São Paulo – O ex-presidente do Banco Central do Brasil, Roberto Campos Neto, afirmou em artigo publicado na Folha de S.Paulo que o endividamento dos governos chegou a um patamar “claramente insustentável” e exige a revisão de modelos de gasto público em todo o mundo.
Segundo o economista, a resposta fiscal e monetária coordenada à Covid-19 fez a dívida global crescer cerca de 15 pontos percentuais do Produto Interno Bruto (PIB) desde 2019. Nas economias emergentes, o salto foi ainda maior, de 20 p.p.
Campos Neto lembra que 65% de todo o passivo soberano está concentrado em Japão, Estados Unidos e Europa, regiões que hoje pagam custos de rolagem bem mais altos em razão do aumento simultâneo do estoque de débitos e das taxas de juros. Esse movimento, diz ele, “drena recursos” de países emergentes e pobres.

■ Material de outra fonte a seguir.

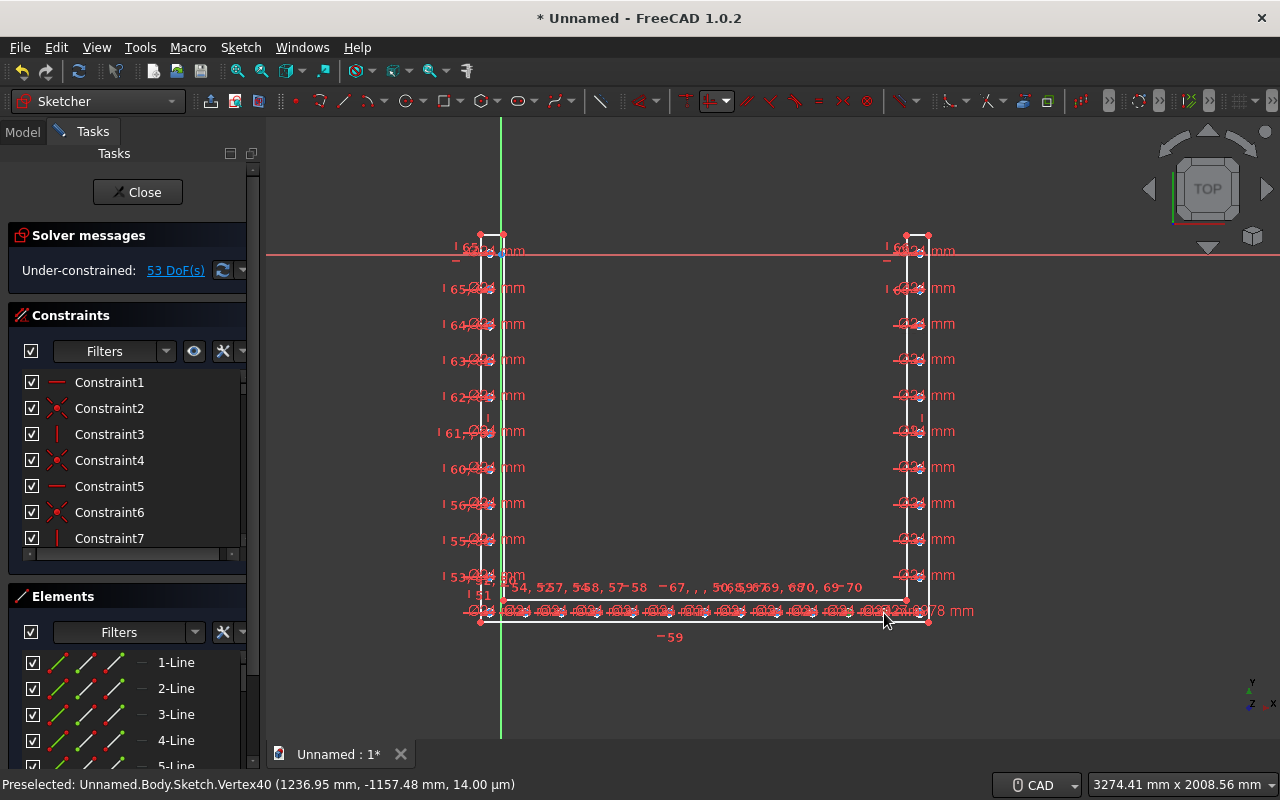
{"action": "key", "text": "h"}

O ex-BC ressalta que as transferências de renda cresceram globalmente entre 1,5 e 2 p.p. do PIB durante a crise sanitária e continuam acima do nível pré-pandemia. A regra dos “3 Ts” — benefícios temporários, direcionados (targeted) e sob medida (tailored) —, discutida entre bancos centrais no FMI, não foi seguida, afirma.

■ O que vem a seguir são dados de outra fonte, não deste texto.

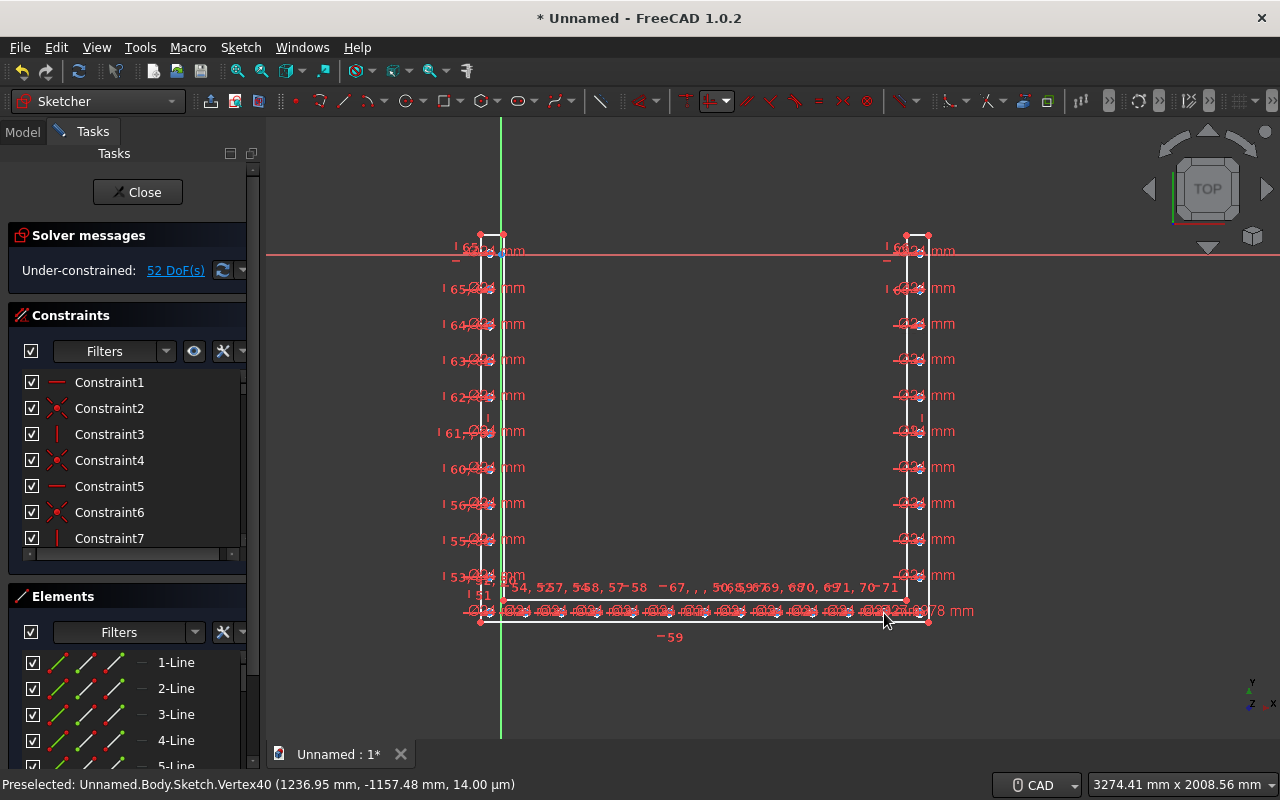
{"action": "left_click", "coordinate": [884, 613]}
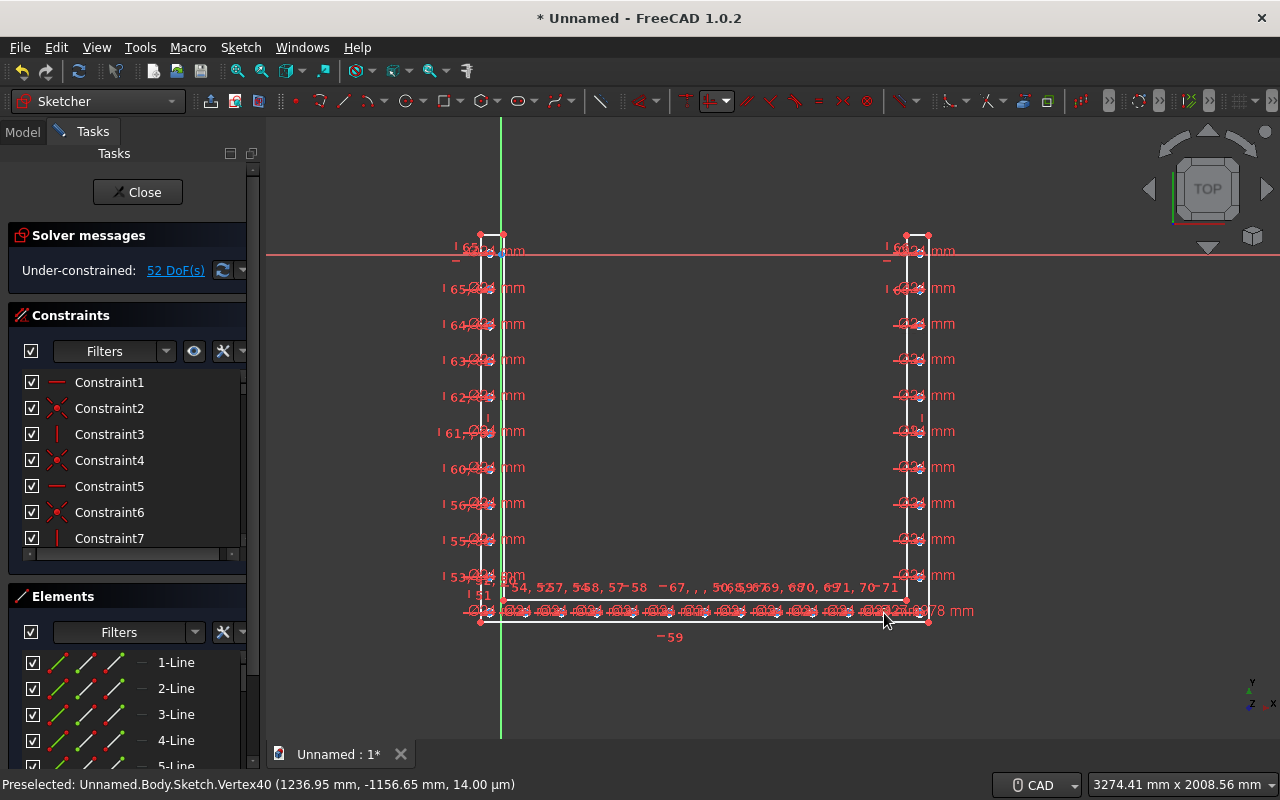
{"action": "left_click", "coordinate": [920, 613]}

Dados do Fundo Monetário Internacional citados por Campos Neto mostram déficit primário médio de 2% do PIB nas economias avançadas e de 3,8% nos emergentes. Para ele, a maioria dos ajustes adotados até agora privilegia o aumento de receita, com novos tributos sobre estoques de riqueza e empresas, o que pode reduzir a produtividade no longo prazo.
O artigo menciona ainda o envelhecimento populacional, que eleva gastos previdenciários e reduz a força de trabalho, além de instabilidade geopolítica e alto custo da transição energética. Todos esses fatores, argumenta, requerem investimentos substanciais.
Imagem: redir.folha.com.br
O Fundo prevê que a relação dívida/PIB global suba de 84% em 2019 para 100% em 2030. Campos Neto relaciona o cenário a juros mais elevados, aumento da desigualdade e despesas crescentes com defesa, reorganização de cadeias de suprimentos e programas sociais.
Entre os pontos de atenção, ele cita os efeitos do “trumpenomics” nos Estados Unidos, a vulnerabilidade de países pobres, a necessidade de um novo modelo econômico para a Europa, a trajetória da dívida japonesa em ambiente de juros longos maiores e o avanço da China em setores estratégicos.
Campos Neto considera que o orçamento recentemente aprovado nos EUA sinaliza o início de uma nova fase de tensão fiscal e aconselha economias emergentes, como o Brasil, a adotarem políticas de ajuste e se prepararem para maior volatilidade.